The Washington PostDemocracy Dies in Darkness

Bystander or Benghazi ringleader? Trial begins Monday for terrorism suspect.

October 2, 2017 at 9:22 a.m. EDT
Abu Khattala was photographed shortly after his apprehension by U.S. special forces near a villa south of Benghazi, Libya, during the evening of June 15, 2014. (N/A)

Ahmed Abu Khattala insisted he was only a bystander as the gunfire crackled and then exploded after sundown five years ago in Benghazi, Libya.

Starting Monday, he stands trial in Washington for conspiring to kill four Americans as the accused ringleader of the lethal, nighttime assaults on U.S. diplomatic and intelligence facilities on Sept. 11 and 12, 2012.

Abu Khattala, a 46-year-old Libyan who was a leader in an extremist anti-Western militia, is the only person to face trial in the United States for the attack. U.S. Ambassador J. Christopher Stevens was among its victims.

In announcing that Abu Khattala had been captured during a secret nighttime raid by U.S. commandos in June 2014, then-President Barack Obama said efforts to bring those responsible for the attack were continuing but “with this operation, the United States has once again demonstrated that we will do whatever it takes to see that justice is done when people harm Americans.”

U.S. captured Benghazi suspect in secret raid

Abu Khattala has pleaded not guilty to 18 counts, including conspiracy, murder and material support of terrorists in the deaths of Stevens, State Department communications expert Sean Patrick Smith and security contractors Tyrone S. Woods and Glen Doherty.
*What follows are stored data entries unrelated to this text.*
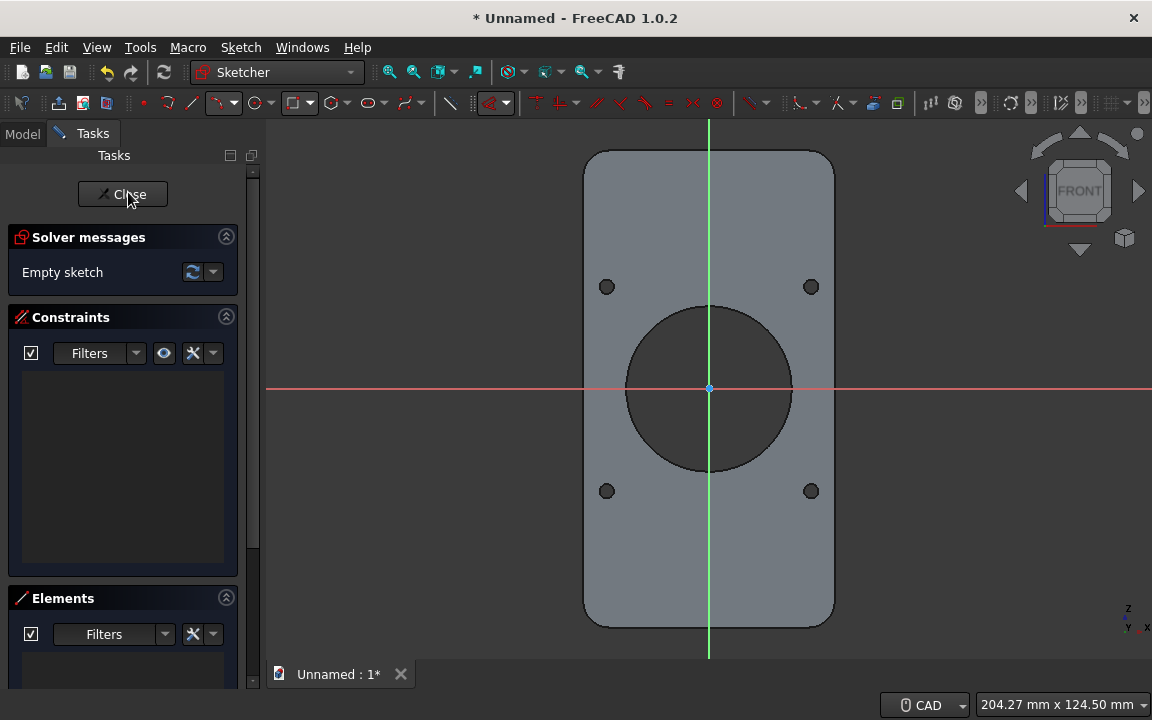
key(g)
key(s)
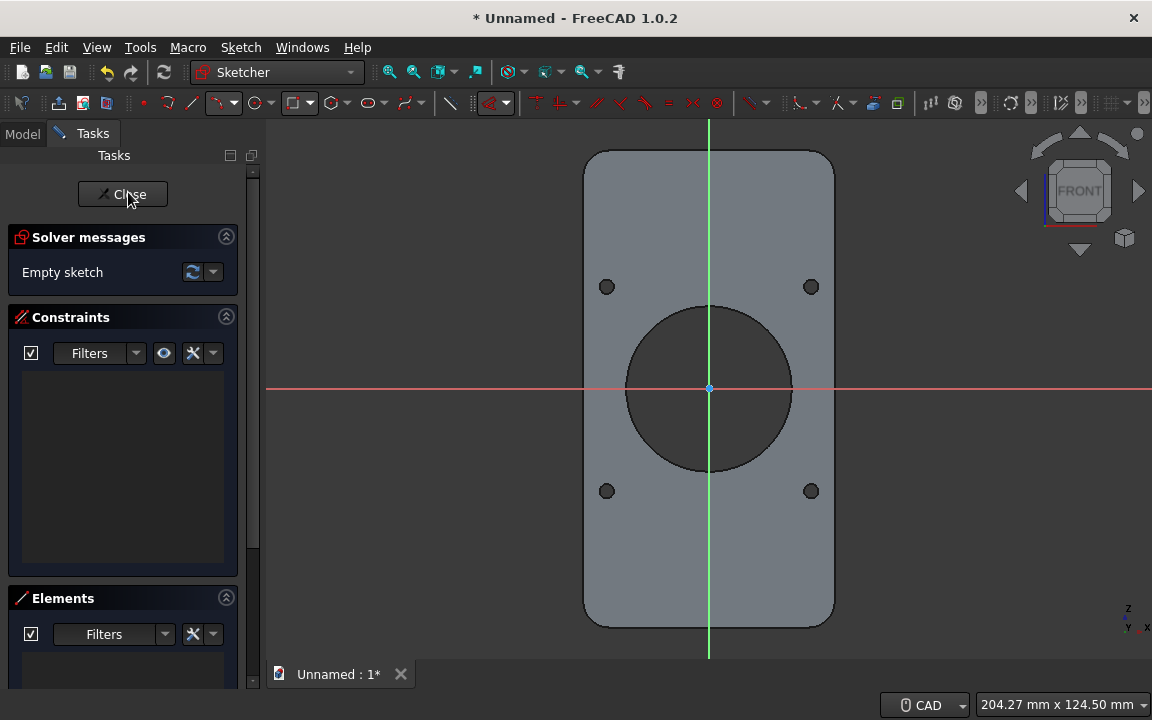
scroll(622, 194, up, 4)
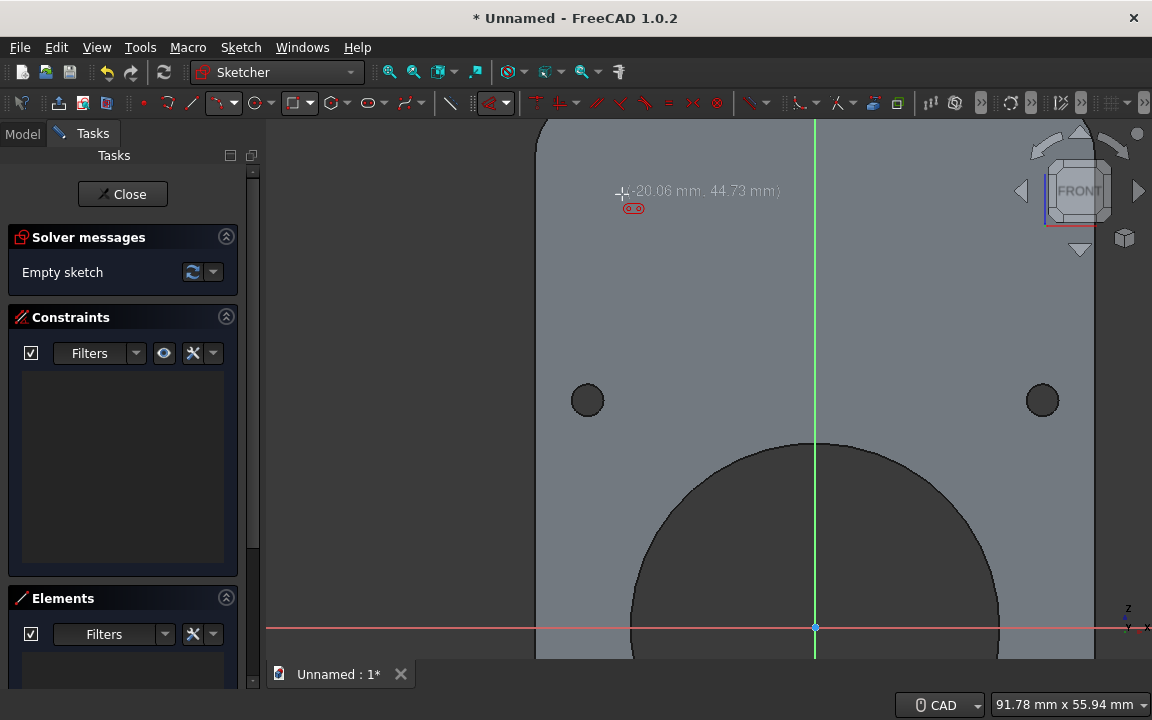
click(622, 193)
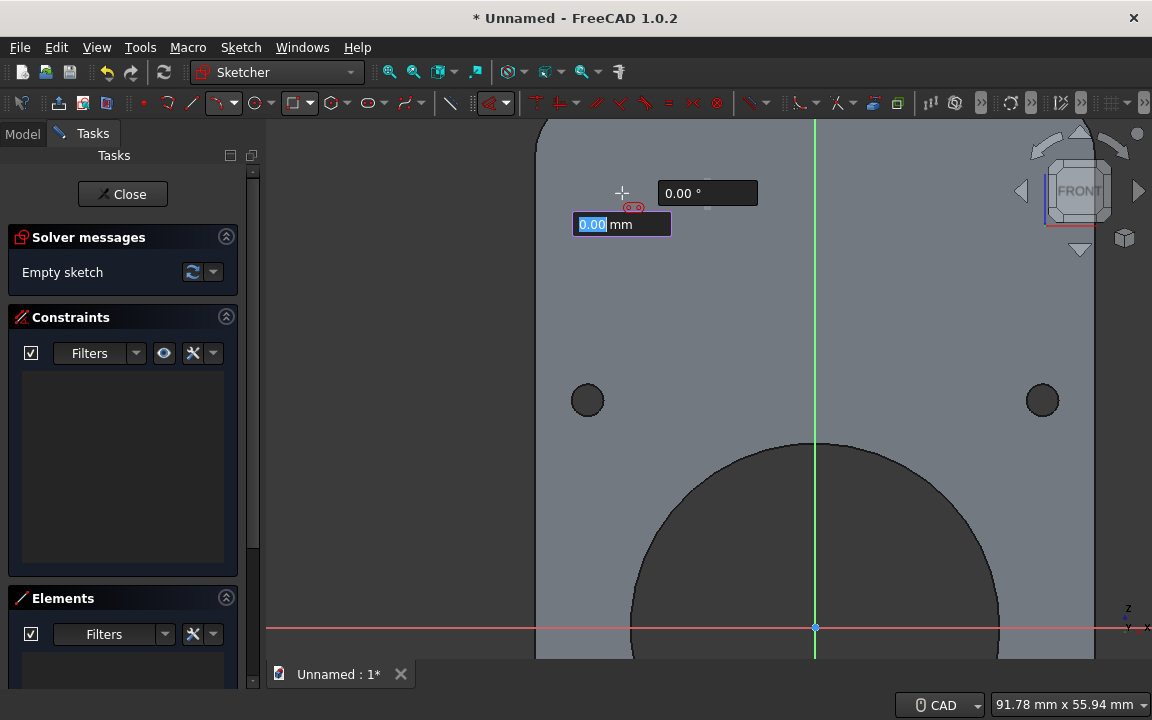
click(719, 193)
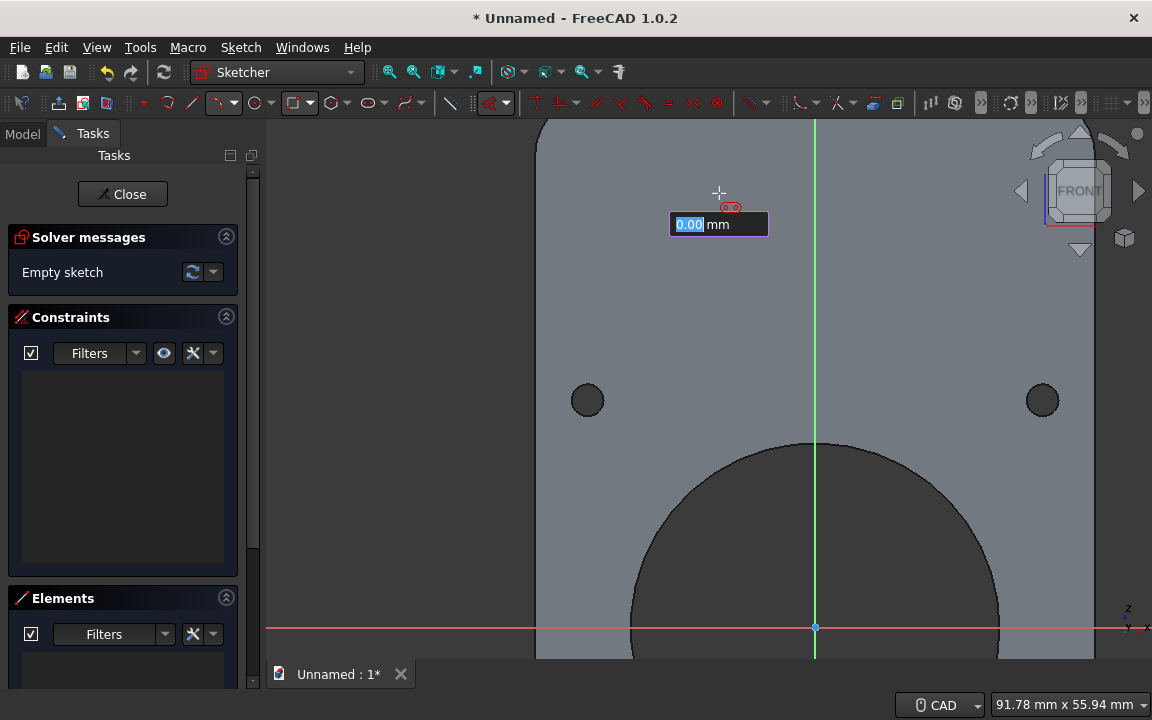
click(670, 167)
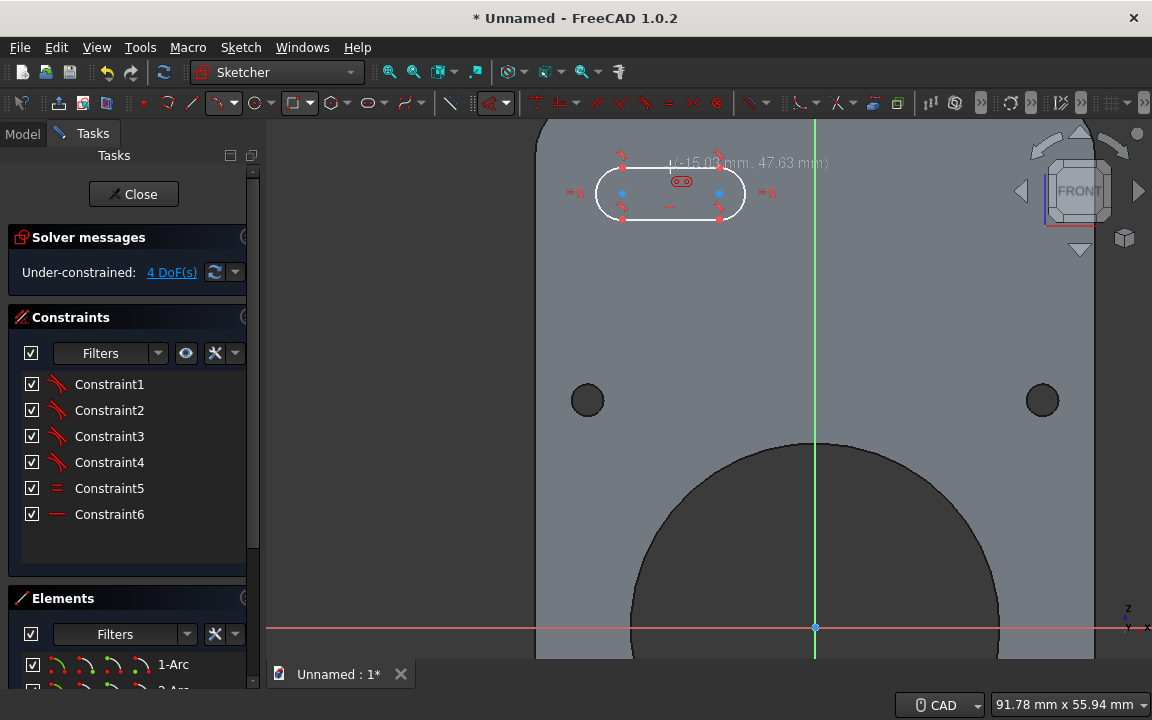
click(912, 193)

He faces up to life in prison if convicted in federal court.

In repeated interviews with Western journalists in Benghazi, where he lived openly before his capture, Abu Khattala, a former auto mechanic and political prisoner of Libyan dictator Moammar Gaddafi, denied involvement in the attacks but gave contradictory explanations of his role and voiced varying degrees of approval of it.

Meet Ahmed Abu Khattala, an alleged ringleader of the Benghazi attack

A jury of 12, plus three alternates, was selected in September to hear the first major terrorism trial in the United States since 2015, and the first in the nation’s capital involving an alleged Islamic extremist strike since the Sept. 11, 2001, attacks. The jurors — nine women and six men, all from the District — include a preschool teacher, a retired FBI information technology worker, an English professor, a stamp designer and a manager at a landscape design firm. The trial is anticipated to last four to six weeks.

Prosecutors are expected to call dozens of witnesses, including relatives of victims, U.S. security personnel involved in rescue operations on the ground, and multiple Libyan nationals and eyewitnesses who will testify against Abu Khattala using pseudonyms for their and their families' safety.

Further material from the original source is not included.